[Exercise input]
################

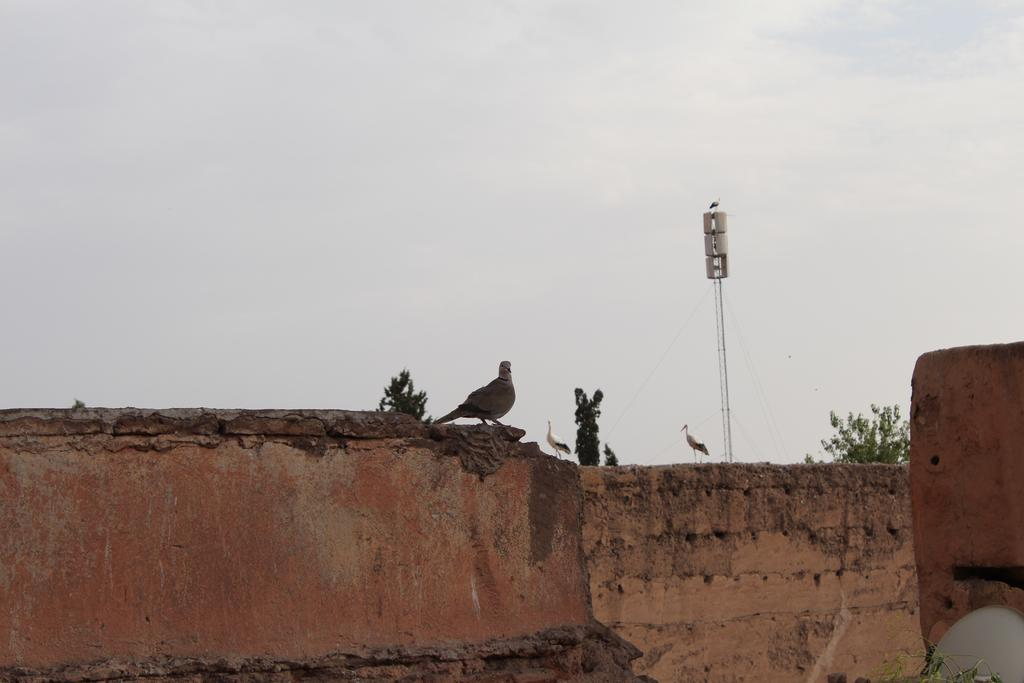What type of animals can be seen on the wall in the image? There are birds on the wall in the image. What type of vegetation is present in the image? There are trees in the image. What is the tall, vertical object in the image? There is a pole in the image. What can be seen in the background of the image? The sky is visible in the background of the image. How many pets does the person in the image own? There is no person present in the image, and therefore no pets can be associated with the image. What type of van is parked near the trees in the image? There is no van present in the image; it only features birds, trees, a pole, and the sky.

################

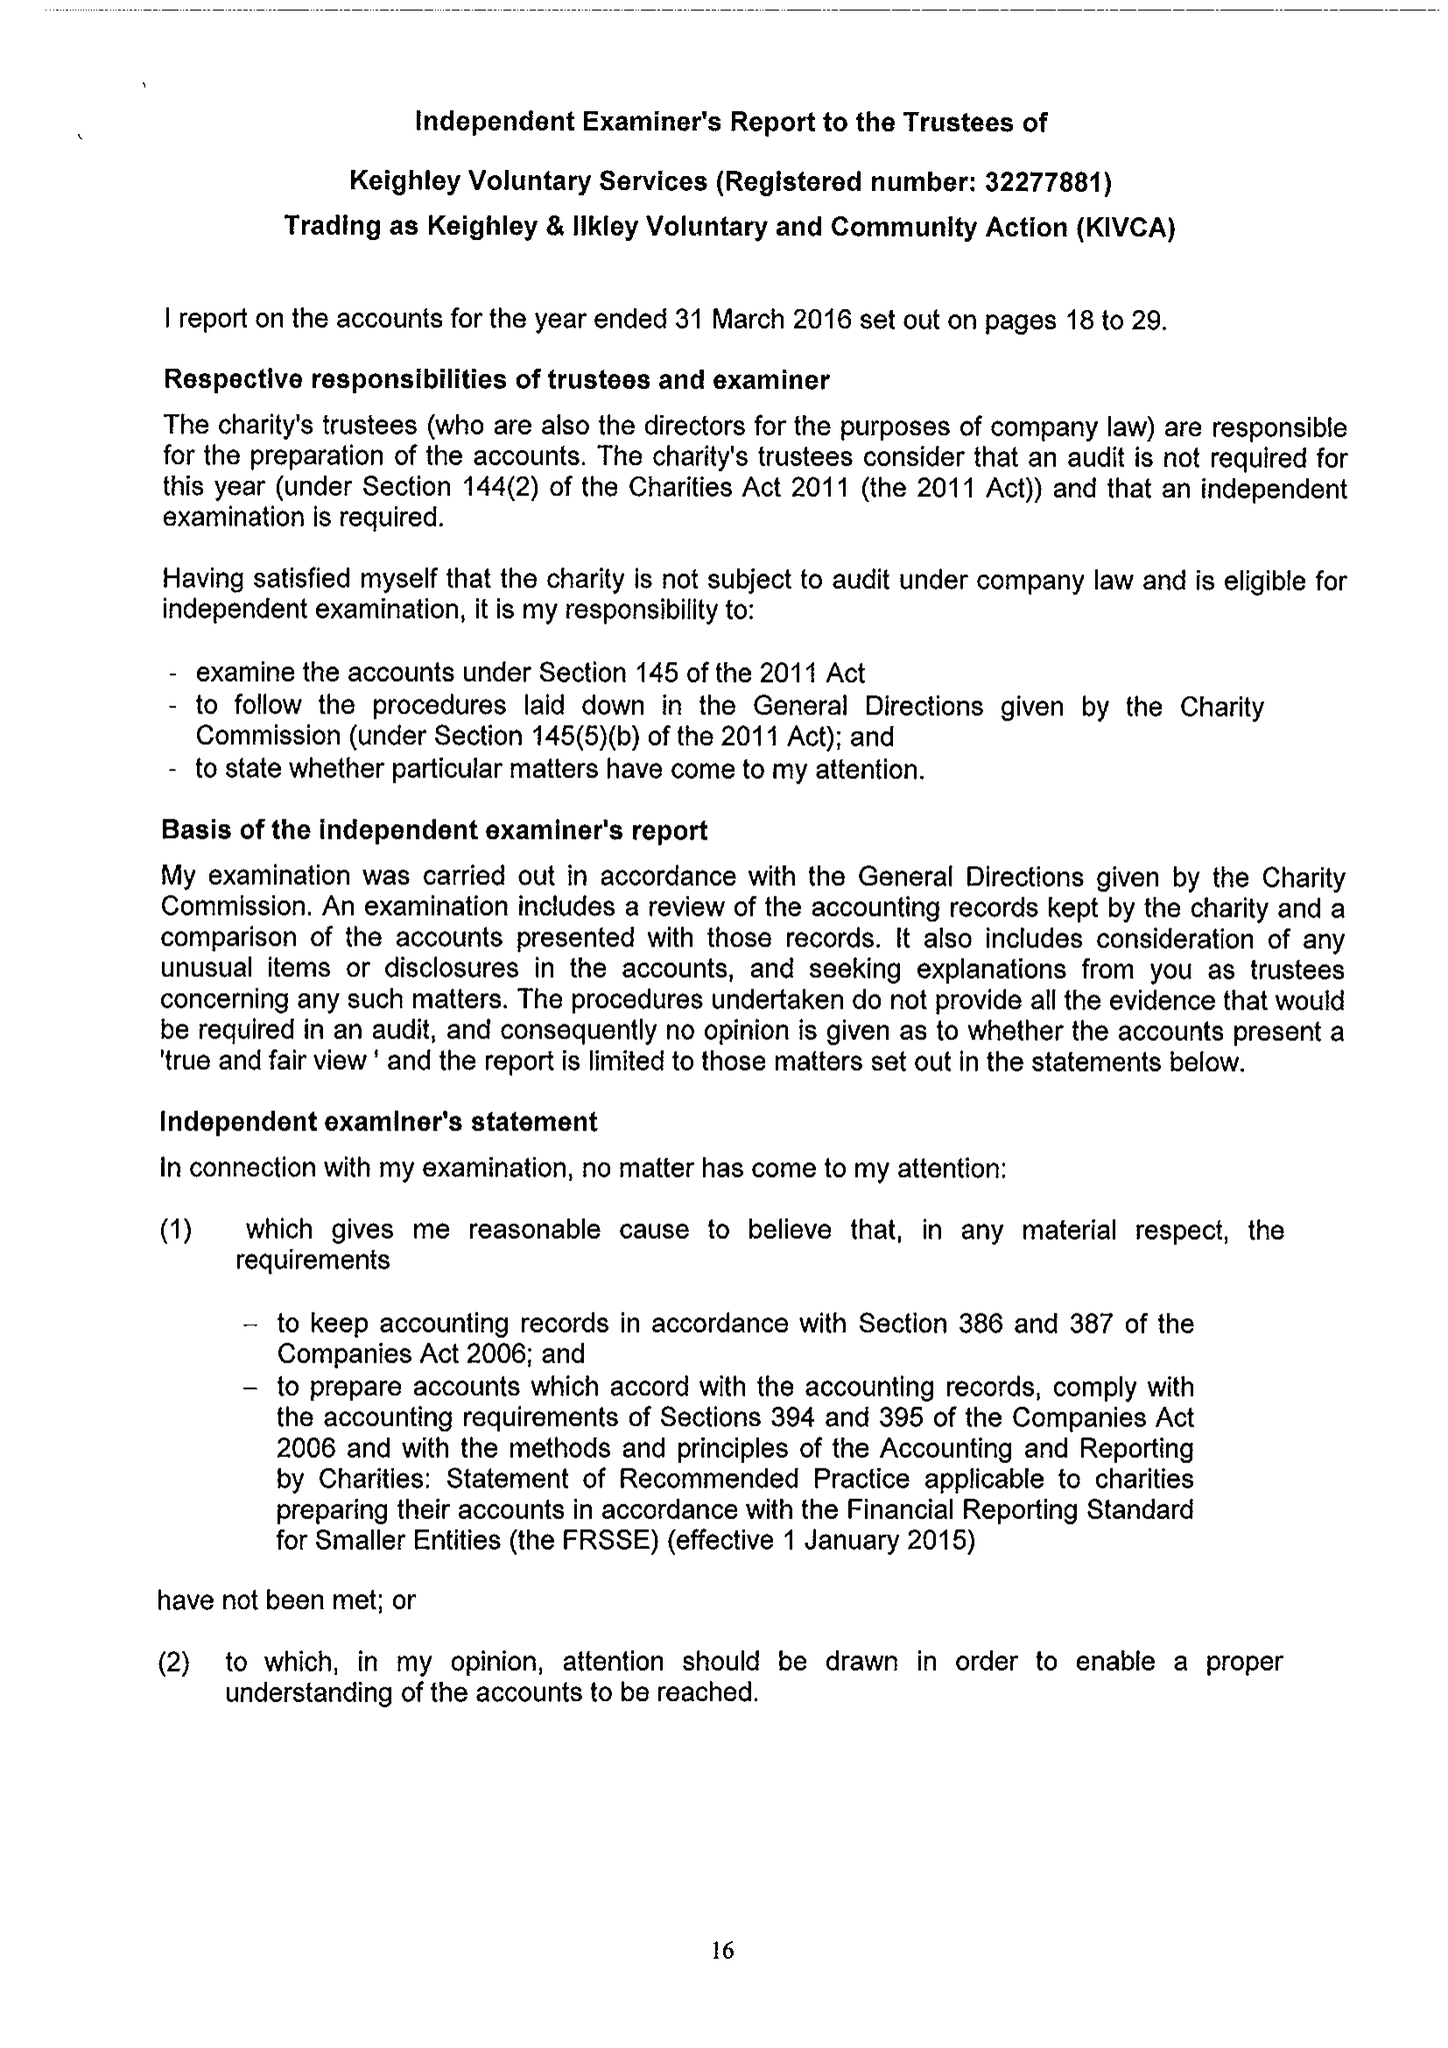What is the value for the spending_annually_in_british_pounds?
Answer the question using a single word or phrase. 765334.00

################

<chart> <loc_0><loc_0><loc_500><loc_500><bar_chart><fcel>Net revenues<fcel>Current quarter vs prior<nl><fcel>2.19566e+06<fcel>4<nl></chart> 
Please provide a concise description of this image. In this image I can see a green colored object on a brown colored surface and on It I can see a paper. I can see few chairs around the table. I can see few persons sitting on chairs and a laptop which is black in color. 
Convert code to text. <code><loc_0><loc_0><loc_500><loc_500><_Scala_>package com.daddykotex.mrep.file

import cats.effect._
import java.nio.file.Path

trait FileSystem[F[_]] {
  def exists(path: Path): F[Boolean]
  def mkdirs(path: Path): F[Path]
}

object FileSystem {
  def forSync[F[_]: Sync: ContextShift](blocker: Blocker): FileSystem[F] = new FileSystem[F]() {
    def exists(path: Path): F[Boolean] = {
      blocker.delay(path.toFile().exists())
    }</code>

################

[Aim of the exercise] If a line in the material above holds "import", copy it.

[Solution to the problem]
import cats.effect._
import java.nio.file.Path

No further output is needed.